El destino quiso que fuéramos nosotros los instrumentos para que otro viejo rencor, en este caso, el de Santillán y Estrabón, se definiera finalmente.
No sabemos cuál fue el destino de las dagas después de cercenar las gargantas de Baigorria y Suárez Haedo. La negrura de la noche tempestuosa se las llevó en su seno y espero que permanezcan en él hasta el fin de los días.
La sobrina, asustada por las circunstancias, hizo bien en llamar a la policía que llegó con premura para encontrar a unos exhaustos combatientes dentro del palenque y dos cadáveres degollados en las cabeceras.
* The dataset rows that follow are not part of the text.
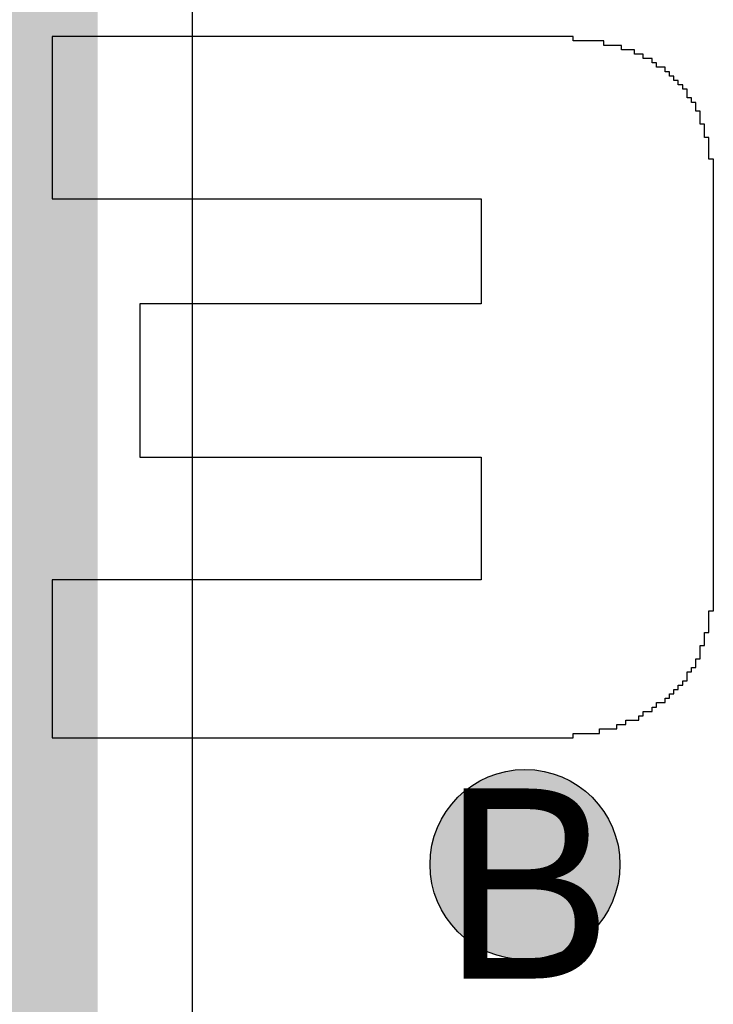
# Model space of a CAD drawing. Header units: millimetres. Extents: x -1.5 to 11.1, y -3 to 5.
# Tile 168 of 256: x 0.7468 to 0.8198, y 2.5353 to 2.6389. Entities that reach past the tile are written whole.
import ezdxf

# ---------------------------------------------------------------- set-up
doc = ezdxf.new("R2010")
doc.units = ezdxf.units.MM
doc.header["$MEASUREMENT"] = 0
for name, color, linetype, true_color in [('BottomLayer', 5, 'Continuous', 0x0000ff), ('BottomOverlay', 7, 'Continuous', 0x999900), ('DrillDrawing', 1, 'Continuous', 0xff0000), ('Metal_2', 7, 'Continuous', 0x7f0000), ('Metal_3', 7, 'Continuous', 0x3f7f00), ('TopLayer', 1, 'Continuous', 0xff0000)]:
    doc.layers.add(name, color=color, linetype=linetype, true_color=true_color)
doc.styles.add('textstyle722', font='txt')

# ---------------------------------------------------------------- blocks, each defined once
blk = doc.blocks.new('GRF_2021_F____B_16')
at = {"layer": 'BottomOverlay'}
for p, q in [((-0.15021, 0.03666), (-0.20508, 0.03666)), ((-0.20508, 0.03666), (-0.20508, 0.0362)), ((-0.15021, 0.0362), (-0.15021, 0.03666)), ((-0.20969, 0.03527), (-0.21061, 0.03527)), ((-0.21061, 0.03527), (-0.21061, 0.03481)), ((-0.20785, 0.03573), (-0.20969, 0.03573)), ((-0.20969, 0.03573), (-0.20969, 0.03527)), ((-0.20508, 0.0362), (-0.20785, 0.0362)), ((-0.20785, 0.0362), (-0.20785, 0.03573)), ((-0.15021, 0.03573), (-0.15021, 0.0362)), ((-0.15021, 0.03527), (-0.15021, 0.03573)), ((-0.15021, 0.03481), (-0.15021, 0.03527)), ((-0.212, 0.03435), (-0.21246, 0.03435)), ((-0.21246, 0.03435), (-0.21246, 0.03389)), ((-0.21061, 0.03481), (-0.212, 0.03481)), ((-0.212, 0.03481), (-0.212, 0.03435)), ((-0.15021, 0.03435), (-0.15021, 0.03481)), ((-0.15021, 0.03389), (-0.15021, 0.03435)), ((-0.21338, 0.03343), (-0.21384, 0.03343)), ((-0.21384, 0.03343), (-0.21384, 0.03297)), ((-0.21246, 0.03389), (-0.21338, 0.03389)), ((-0.21338, 0.03389), (-0.21338, 0.03343)), ((-0.15021, 0.03343), (-0.15021, 0.03389)), ((-0.15021, 0.03297), (-0.15021, 0.03343)), ((-0.21476, 0.03251), (-0.21522, 0.03251)), ((-0.21522, 0.03251), (-0.21522, 0.03205)), ((-0.21384, 0.03297), (-0.21476, 0.03297)), ((-0.21476, 0.03297), (-0.21476, 0.03251)), ((-0.15021, 0.03251), (-0.15021, 0.03297)), ((-0.15021, 0.03205), (-0.15021, 0.03251)), ((-0.21615, 0.03112), (-0.21661, 0.03112)), ((-0.21661, 0.03112), (-0.21661, 0.03066)), ((-0.21569, 0.03159), (-0.21615, 0.03159)), ((-0.21615, 0.03159), (-0.21615, 0.03112)), ((-0.21522, 0.03205), (-0.21569, 0.03205)), ((-0.21569, 0.03205), (-0.21569, 0.03159)), ((-0.15021, 0.03159), (-0.15021, 0.03205)), ((-0.15021, 0.03112), (-0.15021, 0.03159)), ((-0.15021, 0.03066), (-0.15021, 0.03112)), ((-0.21661, 0.03066), (-0.21707, 0.03066)), ((-0.21707, 0.03066), (-0.21707, 0.0302)), ((-0.21707, 0.0302), (-0.21707, 0.02974)), ((-0.15021, 0.0302), (-0.15021, 0.03066)), ((-0.15021, 0.02974), (-0.15021, 0.0302)), ((-0.21753, 0.02928), (-0.21799, 0.02928)), ((-0.21799, 0.02928), (-0.21799, 0.02882)), ((-0.21707, 0.02974), (-0.21753, 0.02974)), ((-0.21753, 0.02974), (-0.21753, 0.02928)), ((-0.15021, 0.02928), (-0.15021, 0.02974)), ((-0.15021, 0.02882), (-0.15021, 0.02928)), ((-0.21799, 0.02836), (-0.21845, 0.02836)), ((-0.21845, 0.02836), (-0.21845, 0.0279)), ((-0.21799, 0.02882), (-0.21799, 0.02836)), ((-0.15021, 0.02836), (-0.15021, 0.02882)), ((-0.15021, 0.0279), (-0.15021, 0.02836)), ((-0.21845, 0.02697), (-0.21891, 0.02697)), ((-0.21891, 0.02697), (-0.21891, 0.02651)), ((-0.21845, 0.0279), (-0.21845, 0.02744)), ((-0.21845, 0.02744), (-0.21845, 0.02697)), ((-0.15021, 0.02744), (-0.15021, 0.0279)), ((-0.15021, 0.02697), (-0.15021, 0.02744)), ((-0.15021, 0.02651), (-0.15021, 0.02697)), ((-0.21891, 0.02651), (-0.21891, 0.02605)), ((-0.21891, 0.02605), (-0.21891, 0.02559)), ((-0.15021, 0.02605), (-0.15021, 0.02651)), ((-0.15021, 0.02559), (-0.15021, 0.02605)), ((-0.21891, 0.02559), (-0.21937, 0.02559)), ((-0.21937, 0.02559), (-0.21937, 0.02513)), ((-0.21937, 0.02513), (-0.21937, 0.02467)), ((-0.15021, 0.02513), (-0.15021, 0.02559)), ((-0.15021, 0.02467), (-0.15021, 0.02513)), ((-0.21937, 0.02467), (-0.21937, 0.02421)), ((-0.21937, 0.02421), (-0.21937, 0.02375)), ((-0.15021, 0.02421), (-0.15021, 0.02467)), ((-0.15021, 0.02375), (-0.15021, 0.02421)), ((-0.21937, 0.02329), (-0.21984, 0.02329)), ((-0.21984, 0.02329), (-0.21984, 0.02282)), ((-0.21984, 0.02282), (-0.21984, 0.02236)), ((-0.21937, 0.02375), (-0.21937, 0.02329)), ((-0.15021, 0.02329), (-0.15021, 0.02375)), ((-0.15021, 0.02282), (-0.15021, 0.02329)), ((-0.15021, 0.02236), (-0.15021, 0.02282)), ((-0.21984, 0.02236), (-0.21984, 0.0219)), ((-0.21984, 0.0219), (-0.21984, 0.02144)), ((-0.15021, 0.0219), (-0.15021, 0.02236)), ((-0.15021, 0.02144), (-0.15021, 0.0219)), ((-0.21984, 0.02144), (-0.21984, 0.02098)), ((-0.21984, 0.02098), (-0.21984, 0.02052)), ((-0.15021, 0.02098), (-0.15021, 0.02144)), ((-0.15021, 0.02052), (-0.15021, 0.02098)), ((-0.21984, 0.02052), (-0.21984, 0.02006)), ((-0.21984, 0.02006), (-0.21984, 0.0196)), ((-0.1954, 0.0196), (-0.1954, 0.02006)), ((-0.1954, 0.02006), (-0.15021, 0.02006)), ((-0.15021, 0.02006), (-0.15021, 0.02052)), ((-0.21984, 0.0196), (-0.21984, 0.01914)), ((-0.21984, 0.01914), (-0.21984, 0.01867)), ((-0.21984, 0.01867), (-0.21984, 0.01821)), ((-0.1954, 0.01914), (-0.1954, 0.0196)), ((-0.1954, 0.01867), (-0.1954, 0.01914)), ((-0.1954, 0.01821), (-0.1954, 0.01867)), ((-0.21984, 0.01821), (-0.21984, 0.01775)), ((-0.21984, 0.01775), (-0.21984, 0.01729)), ((-0.1954, 0.01775), (-0.1954, 0.01821)), ((-0.1954, 0.01729), (-0.1954, 0.01775)), ((-0.21984, 0.01729), (-0.21984, 0.01683)), ((-0.21984, 0.01683), (-0.21984, 0.01637)), ((-0.1954, 0.01683), (-0.1954, 0.01729)), ((-0.1954, 0.01637), (-0.1954, 0.01683)), ((-0.21984, 0.01637), (-0.21984, 0.01591)), ((-0.21984, 0.01591), (-0.21984, 0.01545)), ((-0.1954, 0.01591), (-0.1954, 0.01637)), ((-0.1954, 0.01545), (-0.1954, 0.01591)), ((-0.21984, 0.01545), (-0.21984, 0.01499)), ((-0.21984, 0.01499), (-0.21984, 0.01452)), ((-0.21984, 0.01452), (-0.21984, 0.01406)), ((-0.1954, 0.01499), (-0.1954, 0.01545)), ((-0.1954, 0.01452), (-0.1954, 0.01499)), ((-0.1954, 0.01406), (-0.1954, 0.01452)), ((-0.21984, 0.01406), (-0.21984, 0.0136)), ((-0.21984, 0.0136), (-0.21984, 0.01314)), ((-0.1954, 0.0136), (-0.1954, 0.01406)), ((-0.1954, 0.01314), (-0.1954, 0.0136)), ((-0.21984, 0.01314), (-0.21984, 0.01268)), ((-0.21984, 0.01268), (-0.21984, 0.01222)), ((-0.1954, 0.01268), (-0.1954, 0.01314)), ((-0.1954, 0.01222), (-0.1954, 0.01268)), ((-0.21984, 0.01222), (-0.21984, 0.01176)), ((-0.21984, 0.01176), (-0.21984, 0.0113)), ((-0.1954, 0.01176), (-0.1954, 0.01222)), ((-0.1954, 0.0113), (-0.1954, 0.01176)), ((-0.21984, 0.0113), (-0.21984, 0.01084)), ((-0.21984, 0.01084), (-0.21984, 0.01037)), ((-0.21984, 0.01037), (-0.21984, 0.00991)), ((-0.1954, 0.01084), (-0.1954, 0.0113)), ((-0.1954, 0.01037), (-0.1954, 0.01084)), ((-0.1954, 0.00991), (-0.1954, 0.01037)), ((-0.21984, 0.00991), (-0.21984, 0.00945)), ((-0.21984, 0.00945), (-0.21984, 0.00899)), ((-0.1954, 0.00945), (-0.1954, 0.00991)), ((-0.1954, 0.00899), (-0.1954, 0.00945)), ((-0.21984, 0.00899), (-0.21984, 0.00853)), ((-0.21984, 0.00853), (-0.21984, 0.00807)), ((-0.1954, 0.00853), (-0.1954, 0.00899)), ((-0.1954, 0.00807), (-0.1954, 0.00853)), ((-0.21984, 0.00807), (-0.21984, 0.00761)), ((-0.21984, 0.00761), (-0.21984, 0.00715)), ((-0.1954, 0.00761), (-0.1954, 0.00807)), ((-0.1954, 0.00715), (-0.1954, 0.00761)), ((-0.21984, 0.00715), (-0.21984, 0.00669)), ((-0.21984, 0.00669), (-0.21984, 0.00622)), ((-0.21984, 0.00622), (-0.21984, 0.00576)), ((-0.15943, 0.00715), (-0.1954, 0.00715)), ((-0.15943, 0.00669), (-0.15943, 0.00715)), ((-0.15943, 0.00622), (-0.15943, 0.00669)), ((-0.15943, 0.00576), (-0.15943, 0.00622)), ((-0.21984, 0.00576), (-0.21984, 0.0053)), ((-0.21984, 0.0053), (-0.21984, 0.00484)), ((-0.15943, 0.0053), (-0.15943, 0.00576)), ((-0.15943, 0.00484), (-0.15943, 0.0053)), ((-0.21984, 0.00484), (-0.21984, 0.00438)), ((-0.21984, 0.00438), (-0.21984, 0.00392)), ((-0.15943, 0.00438), (-0.15943, 0.00484)), ((-0.15943, 0.00392), (-0.15943, 0.00438)), ((-0.21984, 0.00392), (-0.21984, 0.00346)), ((-0.21984, 0.00346), (-0.21984, 0.003)), ((-0.15943, 0.00346), (-0.15943, 0.00392)), ((-0.15943, 0.003), (-0.15943, 0.00346)), ((-0.21984, 0.003), (-0.21984, 0.00254)), ((-0.21984, 0.00254), (-0.21984, 0.00207)), ((-0.21984, 0.00207), (-0.21984, 0.00161)), ((-0.15943, 0.00254), (-0.15943, 0.003)), ((-0.15943, 0.00207), (-0.15943, 0.00254)), ((-0.15943, 0.00161), (-0.15943, 0.00207)), ((-0.21984, 0.00161), (-0.21984, 0.00115)), ((-0.21984, 0.00115), (-0.21984, 0.00069)), ((-0.15943, 0.00115), (-0.15943, 0.00161)), ((-0.15943, 0.00069), (-0.15943, 0.00115)), ((-0.21984, 0.00069), (-0.21984, 0.00023)), ((-0.21984, 0.00023), (-0.21984, -0.00023)), ((-0.15943, 0.00023), (-0.15943, 0.00069)), ((-0.15943, -0.00023), (-0.15943, 0.00023)), ((-0.21984, -0.00023), (-0.21984, -0.00069)), ((-0.21984, -0.00069), (-0.21984, -0.00115)), ((-0.15943, -0.00069), (-0.15943, -0.00023)), ((-0.15943, -0.00115), (-0.15943, -0.00069)), ((-0.21984, -0.00115), (-0.21984, -0.00161)), ((-0.21984, -0.00161), (-0.21984, -0.00207)), ((-0.15943, -0.00161), (-0.15943, -0.00115)), ((-0.15943, -0.00207), (-0.15943, -0.00161)), ((-0.21984, -0.00207), (-0.21984, -0.00254)), ((-0.21984, -0.00254), (-0.21984, -0.003)), ((-0.21984, -0.003), (-0.21984, -0.00346)), ((-0.15943, -0.00254), (-0.15943, -0.00207)), ((-0.15943, -0.003), (-0.15943, -0.00254)), ((-0.15943, -0.00346), (-0.15943, -0.003)), ((-0.21984, -0.00346), (-0.21984, -0.00392)), ((-0.21984, -0.00392), (-0.21984, -0.00438)), ((-0.15943, -0.00392), (-0.15943, -0.00346)), ((-0.15943, -0.00438), (-0.15943, -0.00392)), ((-0.21984, -0.00438), (-0.21984, -0.00484)), ((-0.21984, -0.00484), (-0.21984, -0.0053)), ((-0.15943, -0.00484), (-0.15943, -0.00438)), ((-0.15943, -0.0053), (-0.15943, -0.00484)), ((-0.21984, -0.0053), (-0.21984, -0.00576)), ((-0.21984, -0.00576), (-0.21984, -0.00622)), ((-0.15943, -0.00576), (-0.15943, -0.0053)), ((-0.15943, -0.00622), (-0.15943, -0.00576)), ((-0.21984, -0.00622), (-0.21984, -0.00669)), ((-0.21984, -0.00669), (-0.21984, -0.00715)), ((-0.21984, -0.00715), (-0.21984, -0.00761)), ((-0.15943, -0.00669), (-0.15943, -0.00622)), ((-0.15943, -0.00715), (-0.15943, -0.00669)), ((-0.15943, -0.00761), (-0.15943, -0.00715)), ((-0.21984, -0.00761), (-0.21984, -0.00807)), ((-0.21984, -0.00807), (-0.21984, -0.00853)), ((-0.15943, -0.00807), (-0.15943, -0.00761)), ((-0.15943, -0.00853), (-0.15943, -0.00807)), ((-0.21984, -0.00853), (-0.21984, -0.00899)), ((-0.21984, -0.00899), (-0.21984, -0.00945)), ((-0.1954, -0.00945), (-0.1954, -0.00899)), ((-0.1954, -0.00899), (-0.15943, -0.00899)), ((-0.15943, -0.00899), (-0.15943, -0.00853)), ((-0.21984, -0.00945), (-0.21984, -0.00991)), ((-0.21984, -0.00991), (-0.21984, -0.01037)), ((-0.1954, -0.00991), (-0.1954, -0.00945)), ((-0.1954, -0.01037), (-0.1954, -0.00991)), ((-0.21984, -0.01037), (-0.21984, -0.01084)), ((-0.21984, -0.01084), (-0.21984, -0.0113)), ((-0.21984, -0.0113), (-0.21984, -0.01176)), ((-0.1954, -0.01084), (-0.1954, -0.01037)), ((-0.1954, -0.0113), (-0.1954, -0.01084)), ((-0.1954, -0.01176), (-0.1954, -0.0113)), ((-0.21984, -0.01176), (-0.21984, -0.01222)), ((-0.21984, -0.01222), (-0.21984, -0.01268)), ((-0.1954, -0.01222), (-0.1954, -0.01176)), ((-0.1954, -0.01268), (-0.1954, -0.01222)), ((-0.21984, -0.01268), (-0.21984, -0.01314)), ((-0.21984, -0.01314), (-0.21984, -0.0136)), ((-0.1954, -0.01314), (-0.1954, -0.01268)), ((-0.1954, -0.0136), (-0.1954, -0.01314)), ((-0.21984, -0.0136), (-0.21984, -0.01406)), ((-0.21984, -0.01406), (-0.21984, -0.01452)), ((-0.1954, -0.01406), (-0.1954, -0.0136)), ((-0.1954, -0.01452), (-0.1954, -0.01406)), ((-0.21984, -0.01452), (-0.21984, -0.01499)), ((-0.21984, -0.01499), (-0.21984, -0.01545)), ((-0.21984, -0.01545), (-0.21984, -0.01591)), ((-0.1954, -0.01499), (-0.1954, -0.01452)), ((-0.1954, -0.01545), (-0.1954, -0.01499)), ((-0.1954, -0.01591), (-0.1954, -0.01545)), ((-0.21984, -0.01591), (-0.21984, -0.01637)), ((-0.21984, -0.01637), (-0.21984, -0.01683)), ((-0.1954, -0.01637), (-0.1954, -0.01591)), ((-0.1954, -0.01683), (-0.1954, -0.01637)), ((-0.21984, -0.01683), (-0.21984, -0.01729)), ((-0.21984, -0.01729), (-0.21984, -0.01775)), ((-0.1954, -0.01729), (-0.1954, -0.01683)), ((-0.1954, -0.01775), (-0.1954, -0.01729)), ((-0.21984, -0.01775), (-0.21984, -0.01821)), ((-0.21984, -0.01821), (-0.21984, -0.01867)), ((-0.1954, -0.01821), (-0.1954, -0.01775)), ((-0.1954, -0.01867), (-0.1954, -0.01821)), ((-0.21984, -0.01867), (-0.21984, -0.01914)), ((-0.21984, -0.01914), (-0.21984, -0.0196)), ((-0.21984, -0.0196), (-0.21984, -0.02006)), ((-0.1954, -0.01914), (-0.1954, -0.01867)), ((-0.1954, -0.0196), (-0.1954, -0.01914)), ((-0.1954, -0.02006), (-0.1954, -0.0196)), ((-0.21984, -0.02006), (-0.21984, -0.02052)), ((-0.21984, -0.02052), (-0.21984, -0.02098)), ((-0.15021, -0.02006), (-0.1954, -0.02006)), ((-0.15021, -0.02052), (-0.15021, -0.02006)), ((-0.15021, -0.02098), (-0.15021, -0.02052)), ((-0.21984, -0.02098), (-0.21984, -0.02144)), ((-0.21984, -0.02144), (-0.21984, -0.0219)), ((-0.15021, -0.02144), (-0.15021, -0.02098)), ((-0.15021, -0.0219), (-0.15021, -0.02144)), ((-0.21984, -0.0219), (-0.21984, -0.02236)), ((-0.21984, -0.02236), (-0.21984, -0.02282)), ((-0.15021, -0.02236), (-0.15021, -0.0219)), ((-0.15021, -0.02282), (-0.15021, -0.02236)), ((-0.21984, -0.02282), (-0.21984, -0.02329)), ((-0.21984, -0.02329), (-0.21984, -0.02375)), ((-0.21984, -0.02375), (-0.21984, -0.02421)), ((-0.15021, -0.02329), (-0.15021, -0.02282)), ((-0.15021, -0.02375), (-0.15021, -0.02329)), ((-0.15021, -0.02421), (-0.15021, -0.02375)), ((-0.21984, -0.02421), (-0.21937, -0.02421)), ((-0.21937, -0.02421), (-0.21937, -0.02467)), ((-0.21937, -0.02467), (-0.21937, -0.02513)), ((-0.15021, -0.02467), (-0.15021, -0.02421)), ((-0.15021, -0.02513), (-0.15021, -0.02467)), ((-0.21937, -0.02513), (-0.21937, -0.02559)), ((-0.21937, -0.02559), (-0.21937, -0.02605)), ((-0.15021, -0.02559), (-0.15021, -0.02513)), ((-0.15021, -0.02605), (-0.15021, -0.02559)), ((-0.21937, -0.02605), (-0.21937, -0.02651)), ((-0.21937, -0.02651), (-0.21891, -0.02651)), ((-0.21891, -0.02651), (-0.21891, -0.02697)), ((-0.15021, -0.02651), (-0.15021, -0.02605)), ((-0.15021, -0.02697), (-0.15021, -0.02651)), ((-0.21891, -0.02697), (-0.21891, -0.02744)), ((-0.21891, -0.02744), (-0.21891, -0.0279)), ((-0.21891, -0.0279), (-0.21845, -0.0279)), ((-0.21845, -0.0279), (-0.21845, -0.02836)), ((-0.15021, -0.02744), (-0.15021, -0.02697)), ((-0.15021, -0.0279), (-0.15021, -0.02744)), ((-0.15021, -0.02836), (-0.15021, -0.0279)), ((-0.21845, -0.02836), (-0.21845, -0.02882)), ((-0.21845, -0.02882), (-0.21845, -0.02928)), ((-0.15021, -0.02882), (-0.15021, -0.02836)), ((-0.15021, -0.02928), (-0.15021, -0.02882)), ((-0.21845, -0.02928), (-0.21799, -0.02928)), ((-0.21799, -0.02928), (-0.21799, -0.02974)), ((-0.21799, -0.02974), (-0.21799, -0.0302)), ((-0.15021, -0.02974), (-0.15021, -0.02928)), ((-0.15021, -0.0302), (-0.15021, -0.02974)), ((-0.21799, -0.0302), (-0.21753, -0.0302)), ((-0.21753, -0.0302), (-0.21753, -0.03066)), ((-0.21753, -0.03066), (-0.21707, -0.03066)), ((-0.21707, -0.03066), (-0.21707, -0.03112)), ((-0.15021, -0.03066), (-0.15021, -0.0302)), ((-0.15021, -0.03112), (-0.15021, -0.03066)), ((-0.21707, -0.03112), (-0.21707, -0.03159)), ((-0.21707, -0.03159), (-0.21661, -0.03159)), ((-0.21661, -0.03159), (-0.21661, -0.03205)), ((-0.21661, -0.03205), (-0.21615, -0.03205)), ((-0.21615, -0.03205), (-0.21615, -0.03251)), ((-0.15021, -0.03159), (-0.15021, -0.03112)), ((-0.15021, -0.03205), (-0.15021, -0.03159)), ((-0.15021, -0.03251), (-0.15021, -0.03205)), ((-0.21615, -0.03251), (-0.21569, -0.03251)), ((-0.21569, -0.03251), (-0.21569, -0.03297)), ((-0.21569, -0.03297), (-0.21522, -0.03297)), ((-0.21522, -0.03297), (-0.21522, -0.03343)), ((-0.15021, -0.03297), (-0.15021, -0.03251)), ((-0.15021, -0.03343), (-0.15021, -0.03297)), ((-0.21522, -0.03343), (-0.21476, -0.03343)), ((-0.21476, -0.03343), (-0.21476, -0.03389)), ((-0.21476, -0.03389), (-0.21384, -0.03389)), ((-0.21384, -0.03389), (-0.21384, -0.03435)), ((-0.15021, -0.03389), (-0.15021, -0.03343)), ((-0.15021, -0.03435), (-0.15021, -0.03389)), ((-0.21384, -0.03435), (-0.21338, -0.03435)), ((-0.21338, -0.03435), (-0.21338, -0.03481)), ((-0.21338, -0.03481), (-0.21246, -0.03481)), ((-0.21246, -0.03481), (-0.21246, -0.03527)), ((-0.15021, -0.03481), (-0.15021, -0.03435)), ((-0.15021, -0.03527), (-0.15021, -0.03481)), ((-0.21246, -0.03527), (-0.21154, -0.03527)), ((-0.21154, -0.03527), (-0.21154, -0.03573)), ((-0.21154, -0.03573), (-0.21015, -0.03573)), ((-0.21015, -0.03573), (-0.21015, -0.0362)), ((-0.21015, -0.0362), (-0.20831, -0.0362)), ((-0.20831, -0.0362), (-0.20831, -0.03666)), ((-0.15021, -0.03573), (-0.15021, -0.03527)), ((-0.15021, -0.0362), (-0.15021, -0.03573)), ((-0.15021, -0.03666), (-0.15021, -0.0362)), ((-0.20831, -0.03666), (-0.20508, -0.03666)), ((-0.20508, -0.03666), (-0.20508, -0.03712)), ((-0.20508, -0.03712), (-0.15021, -0.03712)), ((-0.15021, -0.03712), (-0.15021, -0.03666))]:
    blk.add_line(p, q, dxfattribs=at)

msp = doc.modelspace()

# ---------------------------------------------------------------- hatches: boundary and pattern name
at = {"layer": 'BottomLayer', "true_color": 0x0000ff}
h = msp.add_hatch(color=5, dxfattribs=at)
edge = h.paths.add_edge_path(flags=0)
edge.add_arc((0.8, 2.55), 0.01, 0, 360)
at = {"layer": 'Metal_2', "true_color": 0x7f0000}
h = msp.add_hatch(color=16, dxfattribs=at)
edge = h.paths.add_edge_path(flags=0)
edge.add_arc((0.8, 2.55), 0.01, 0, 360)
at = {"layer": 'Metal_3', "true_color": 0x3f7f00}
h = msp.add_hatch(color=76, dxfattribs=at)
edge = h.paths.add_edge_path(flags=0)
edge.add_arc((0.8, 2.55), 0.01, 0, 360)
at = {"layer": 'TopLayer', "true_color": 0xff0000}
h = msp.add_hatch(color=1, dxfattribs=at)
edge = h.paths.add_edge_path(flags=0)
edge.add_arc((0.8, 2.55), 0.01, 0, 360)

# ---------------------------------------------------------------- linework, layer by layer
at = {"layer": 'BottomLayer', "color": 5, "true_color": 0x0000ff}
msp.add_circle((0.8, 2.55), 0.01, dxfattribs=at)
at = {"layer": 'Metal_2', "color": 16, "true_color": 0x7f0000}
msp.add_circle((0.8, 2.55), 0.01, dxfattribs=at)
at = {"layer": 'Metal_3', "color": 76, "true_color": 0x3f7f00}
msp.add_circle((0.8, 2.55), 0.01, dxfattribs=at)
at = {"layer": 'TopLayer'}
msp.add_line((0.765, 2.20621), (0.765, 2.86024), dxfattribs=at)
msp.add_lwpolyline([(0.75, 2.2, 0.01, 0.01, 0), (0.75, 2.9, 0.01, 0.01, 0)], format="xyseb", dxfattribs=at)
at = {"layer": 'TopLayer', "color": 1, "true_color": 0xff0000}
msp.add_circle((0.8, 2.55), 0.01, dxfattribs=at)

# ---------------------------------------------------------------- block references
at = {"rotation": 180}
msp.add_blockref('GRF_2021_F____B_16', (0.6, 2.6), dxfattribs=at)

# ---------------------------------------------------------------- texts
at = {"layer": 'DrillDrawing', "style": 'textstyle722'}
msp.add_text('B', height=0.02, dxfattribs=at).set_placement((0.79134, 2.538))

doc.saveas('drawing.dxf')

Una licencia extraordinaria nos permitió reponernos de las heridas. Por suerte, no resultaron muy graves ni llamativas.
Mi bronca e impotencia adolescentes nos habían salvado de morir uno a manos de otro.
Una tarde de otoño recibí el llamado telefónico de Alfaro muy temprano por la mañana. —Hola, curita, ¿cómo andas? —me preguntó con su característica risotada.
—Hola, hermano —le contesté con la voz ronca de quien recién se levanta.
Por extraño que parezca, la palabra en boca de Manuel me sonó a una caricia. Había roto el encantamiento. Pude superar la prueba.
El propio Borges concluye en su cuento que las cosas duran más que la gente. Yo agregaría también a los sentimientos. Pensé que nuestra amistad con el Flaco nos sobreviviría en cada persona que nos recordara con cariño u odio. Una amistad así es capaz de exorcizar cualquier cosa de este mundo. Aun cuando ya no pertenezcamos a él.